Oh thats good to know! I saw a few out there but I couldn't seem to find one that was readily available. The wheels are already built but if things need to change that's good information. I'm not sure yet if just a regen brake will be enough in the rear but we'll find out.
 
If you really want a MX bike you also need Torque. This is only possible if you using a 2 stage drive. My recent build has a chain reduction 1:3 on the first reduction and the second gearing is 1:5. With this reduction you will benefit a lot more torque without the heat. The start from zero speed give wheelie power all the way up, with less amps. Just a Idee wich route I went.
 
jktobin1 said:
Grantmac said:
The only thing I'd point out is that there are a few 150mm hubs which have a 6 bolt brake mount on both sides.

Oh thats good to know! I saw a few out there but I couldn't seem to find one that was readily available. The wheels are already built but if things need to change that's good information. I'm not sure yet if just a regen brake will be enough in the rear but we'll find out.

Oset parts are useful for builders:
https://osetbikes.com/gb/parts/pre-2015-parts/hubs/rear-hub-for-all-20-0-models/
 
Xtr6 said:
If you really want a MX bike you also need Torque. This is only possible if you using a 2 stage drive. My recent build has a chain reduction 1:3 on the first reduction and the second gearing is 1:5. With this reduction you will benefit a lot more torque without the heat. The start from zero speed give wheelie power all the way up, with less amps.

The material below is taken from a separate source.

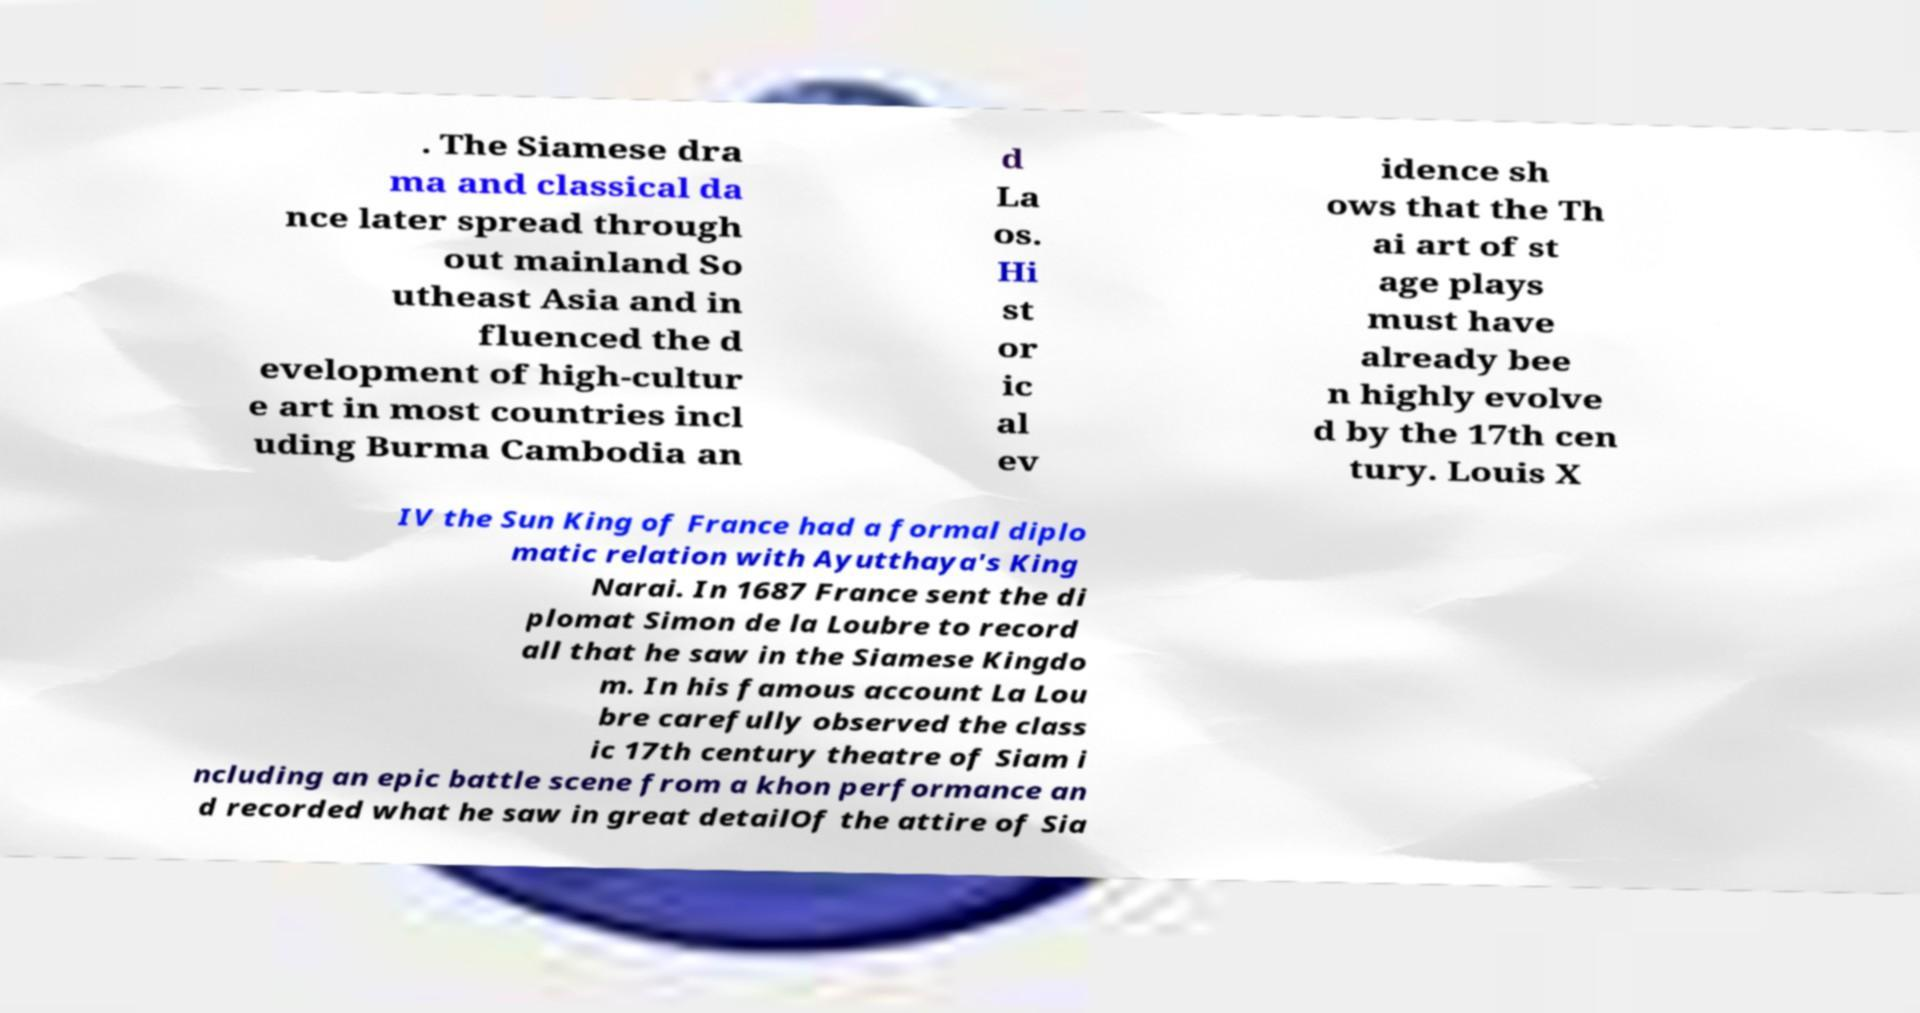Could you extract and type out the text from this image? . The Siamese dra ma and classical da nce later spread through out mainland So utheast Asia and in fluenced the d evelopment of high-cultur e art in most countries incl uding Burma Cambodia an d La os. Hi st or ic al ev idence sh ows that the Th ai art of st age plays must have already bee n highly evolve d by the 17th cen tury. Louis X IV the Sun King of France had a formal diplo matic relation with Ayutthaya's King Narai. In 1687 France sent the di plomat Simon de la Loubre to record all that he saw in the Siamese Kingdo m. In his famous account La Lou bre carefully observed the class ic 17th century theatre of Siam i ncluding an epic battle scene from a khon performance an d recorded what he saw in great detailOf the attire of Sia

Just a Idee wich route I went.

If I'm correct, with my 5:1 reduction I should be able to generate roughly 95ft-lbs of torque to the rear wheel. With my large tire diameter I will be lucky to be putting 50ft-lbs to the ground but for a bike that weighs no more than 150lbs, that should be plenty for a good wheelie. By adjusting torque curves I can always make the torque curve much steeper and guarantee that the front tire comes off the ground. I'm looking for something that is reasonable to commute on so a goal of 50mph top speed seemed reasonable factoring the weight of the bike and rider plus some wind resistance. If things don't work out, swapping the sprockets out shouldn't be too difficult.
 
As a motorcycle racer, the weakness I see in your design is having the motor pivot in line with the swingarm pivot. The reason motorcycles have the front sprocket forward and lower than the swingarm pivot is to create anti-squat forces when the chain pulls tight on the top of the swingarm during acceleration. Large manufacturers like BMW and Husqvarna have played with designs running the countershaft sprocket at the swingarm pivot position in the past, but abandoned the concept because it didn't generate as much grip as the current (popular) design. From a geometry point of view, the V1 design, with geometry using a swingarm pivot point higher than the front sprocket would create much better rear grip on acceleration than your final design.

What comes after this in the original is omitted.